TASK TO COMPLETE:
Find every line below with the word "second" in it, and copy each one.

____________

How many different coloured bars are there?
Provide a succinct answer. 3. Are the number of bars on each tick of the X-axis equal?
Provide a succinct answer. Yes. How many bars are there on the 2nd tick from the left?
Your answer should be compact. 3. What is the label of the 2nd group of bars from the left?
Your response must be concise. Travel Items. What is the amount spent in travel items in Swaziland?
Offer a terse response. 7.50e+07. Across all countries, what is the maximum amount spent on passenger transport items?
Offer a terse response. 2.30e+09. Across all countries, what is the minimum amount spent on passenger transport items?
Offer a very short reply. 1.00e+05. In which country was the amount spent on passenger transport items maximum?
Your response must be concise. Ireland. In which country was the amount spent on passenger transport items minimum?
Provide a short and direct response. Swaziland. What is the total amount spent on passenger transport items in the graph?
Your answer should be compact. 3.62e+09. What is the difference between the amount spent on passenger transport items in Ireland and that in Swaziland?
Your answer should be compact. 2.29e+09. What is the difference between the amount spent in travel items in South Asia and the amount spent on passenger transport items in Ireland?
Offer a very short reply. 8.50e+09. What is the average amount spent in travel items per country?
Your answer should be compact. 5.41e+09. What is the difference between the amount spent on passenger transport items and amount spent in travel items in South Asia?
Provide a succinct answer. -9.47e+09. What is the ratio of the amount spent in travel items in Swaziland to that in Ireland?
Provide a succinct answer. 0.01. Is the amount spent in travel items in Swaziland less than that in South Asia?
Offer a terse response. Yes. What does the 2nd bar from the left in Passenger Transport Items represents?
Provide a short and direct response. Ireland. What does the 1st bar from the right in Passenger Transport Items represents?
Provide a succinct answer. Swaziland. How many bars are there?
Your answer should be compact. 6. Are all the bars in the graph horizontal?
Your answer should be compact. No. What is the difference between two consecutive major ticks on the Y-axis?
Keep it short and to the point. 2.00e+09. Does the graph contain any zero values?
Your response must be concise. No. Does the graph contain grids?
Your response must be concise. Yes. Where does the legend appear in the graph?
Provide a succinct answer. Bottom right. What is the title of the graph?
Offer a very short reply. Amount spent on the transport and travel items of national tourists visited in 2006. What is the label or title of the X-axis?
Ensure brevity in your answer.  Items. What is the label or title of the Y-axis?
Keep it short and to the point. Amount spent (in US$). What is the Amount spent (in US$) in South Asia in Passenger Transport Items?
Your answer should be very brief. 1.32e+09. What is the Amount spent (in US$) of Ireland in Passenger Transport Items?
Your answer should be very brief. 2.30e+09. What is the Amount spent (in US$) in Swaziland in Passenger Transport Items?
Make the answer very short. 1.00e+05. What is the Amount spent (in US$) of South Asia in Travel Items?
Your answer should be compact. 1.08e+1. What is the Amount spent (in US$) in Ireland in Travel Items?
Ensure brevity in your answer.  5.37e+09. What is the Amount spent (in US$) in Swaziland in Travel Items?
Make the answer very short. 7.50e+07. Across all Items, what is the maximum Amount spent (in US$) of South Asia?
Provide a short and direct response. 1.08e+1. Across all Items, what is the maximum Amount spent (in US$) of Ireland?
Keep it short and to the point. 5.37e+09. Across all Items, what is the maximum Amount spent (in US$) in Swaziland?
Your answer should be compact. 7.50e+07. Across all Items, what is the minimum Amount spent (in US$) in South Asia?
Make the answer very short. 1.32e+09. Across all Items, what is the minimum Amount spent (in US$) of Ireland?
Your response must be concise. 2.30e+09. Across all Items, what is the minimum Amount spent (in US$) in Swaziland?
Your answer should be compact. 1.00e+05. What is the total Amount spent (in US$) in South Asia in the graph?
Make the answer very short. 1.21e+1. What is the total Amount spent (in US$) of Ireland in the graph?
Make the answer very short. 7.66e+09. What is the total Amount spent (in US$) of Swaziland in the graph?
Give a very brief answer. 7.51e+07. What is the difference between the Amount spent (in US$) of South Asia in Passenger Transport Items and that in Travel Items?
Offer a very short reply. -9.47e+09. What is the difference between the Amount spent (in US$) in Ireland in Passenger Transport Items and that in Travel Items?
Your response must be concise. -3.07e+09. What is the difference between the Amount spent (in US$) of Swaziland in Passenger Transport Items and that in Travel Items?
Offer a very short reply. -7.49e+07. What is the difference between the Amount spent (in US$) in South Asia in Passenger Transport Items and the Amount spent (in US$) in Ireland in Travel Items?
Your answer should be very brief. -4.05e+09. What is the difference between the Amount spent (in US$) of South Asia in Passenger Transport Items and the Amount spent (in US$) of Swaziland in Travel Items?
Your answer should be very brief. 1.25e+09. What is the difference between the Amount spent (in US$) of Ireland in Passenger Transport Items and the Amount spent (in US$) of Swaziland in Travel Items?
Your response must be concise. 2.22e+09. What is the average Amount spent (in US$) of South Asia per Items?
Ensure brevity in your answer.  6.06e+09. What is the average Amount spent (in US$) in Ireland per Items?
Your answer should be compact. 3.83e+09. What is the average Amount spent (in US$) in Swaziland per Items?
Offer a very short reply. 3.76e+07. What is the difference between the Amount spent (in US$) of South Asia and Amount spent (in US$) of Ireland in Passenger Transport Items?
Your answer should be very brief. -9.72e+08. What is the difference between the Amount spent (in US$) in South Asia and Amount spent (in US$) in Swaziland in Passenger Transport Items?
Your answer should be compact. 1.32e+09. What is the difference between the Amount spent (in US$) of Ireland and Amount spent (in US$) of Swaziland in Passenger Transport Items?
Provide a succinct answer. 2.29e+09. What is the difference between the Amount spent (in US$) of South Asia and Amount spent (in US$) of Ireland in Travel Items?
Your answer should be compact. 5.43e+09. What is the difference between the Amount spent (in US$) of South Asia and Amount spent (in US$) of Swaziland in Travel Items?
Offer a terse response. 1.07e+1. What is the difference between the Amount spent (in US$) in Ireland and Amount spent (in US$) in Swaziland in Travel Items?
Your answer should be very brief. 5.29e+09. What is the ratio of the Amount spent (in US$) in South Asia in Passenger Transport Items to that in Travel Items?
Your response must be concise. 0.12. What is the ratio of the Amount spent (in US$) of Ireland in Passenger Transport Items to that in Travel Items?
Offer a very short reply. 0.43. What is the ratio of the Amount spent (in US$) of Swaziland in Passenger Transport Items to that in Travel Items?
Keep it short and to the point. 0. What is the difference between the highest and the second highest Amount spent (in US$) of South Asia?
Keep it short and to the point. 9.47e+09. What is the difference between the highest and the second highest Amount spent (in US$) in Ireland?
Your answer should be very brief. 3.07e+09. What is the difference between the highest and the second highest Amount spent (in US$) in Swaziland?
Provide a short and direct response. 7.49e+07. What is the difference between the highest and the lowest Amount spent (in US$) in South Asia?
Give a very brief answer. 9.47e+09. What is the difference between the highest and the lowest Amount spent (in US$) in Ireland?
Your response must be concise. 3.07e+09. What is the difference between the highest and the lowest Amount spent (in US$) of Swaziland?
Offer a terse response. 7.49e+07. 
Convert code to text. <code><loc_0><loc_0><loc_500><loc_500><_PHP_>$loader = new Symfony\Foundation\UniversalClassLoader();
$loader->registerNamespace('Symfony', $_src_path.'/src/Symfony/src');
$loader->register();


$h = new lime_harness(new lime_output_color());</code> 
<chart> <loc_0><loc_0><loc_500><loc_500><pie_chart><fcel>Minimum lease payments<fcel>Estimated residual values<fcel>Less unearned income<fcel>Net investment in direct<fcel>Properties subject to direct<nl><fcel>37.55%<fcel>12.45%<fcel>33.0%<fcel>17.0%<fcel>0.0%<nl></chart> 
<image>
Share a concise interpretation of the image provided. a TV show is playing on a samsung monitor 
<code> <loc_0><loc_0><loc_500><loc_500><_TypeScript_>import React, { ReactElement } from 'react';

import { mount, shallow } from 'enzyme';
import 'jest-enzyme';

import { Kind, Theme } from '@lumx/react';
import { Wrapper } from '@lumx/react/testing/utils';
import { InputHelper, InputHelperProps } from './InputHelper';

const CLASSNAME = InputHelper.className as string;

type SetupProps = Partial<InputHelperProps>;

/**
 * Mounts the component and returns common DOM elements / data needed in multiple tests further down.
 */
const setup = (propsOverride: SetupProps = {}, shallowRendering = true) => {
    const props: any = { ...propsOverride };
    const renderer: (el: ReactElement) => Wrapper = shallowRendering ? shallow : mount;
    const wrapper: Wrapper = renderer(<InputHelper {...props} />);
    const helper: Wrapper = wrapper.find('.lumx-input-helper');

____________

OUTPUT FOR THIS TASK:
Keep it short and to the point. 0. What is the difference between the highest and the second highest Amount spent (in US$) of South Asia?
Keep it short and to the point. 9.47e+09. What is the difference between the highest and the second highest Amount spent (in US$) in Ireland?
Your answer should be very brief. 3.07e+09. What is the difference between the highest and the second highest Amount spent (in US$) in Swaziland?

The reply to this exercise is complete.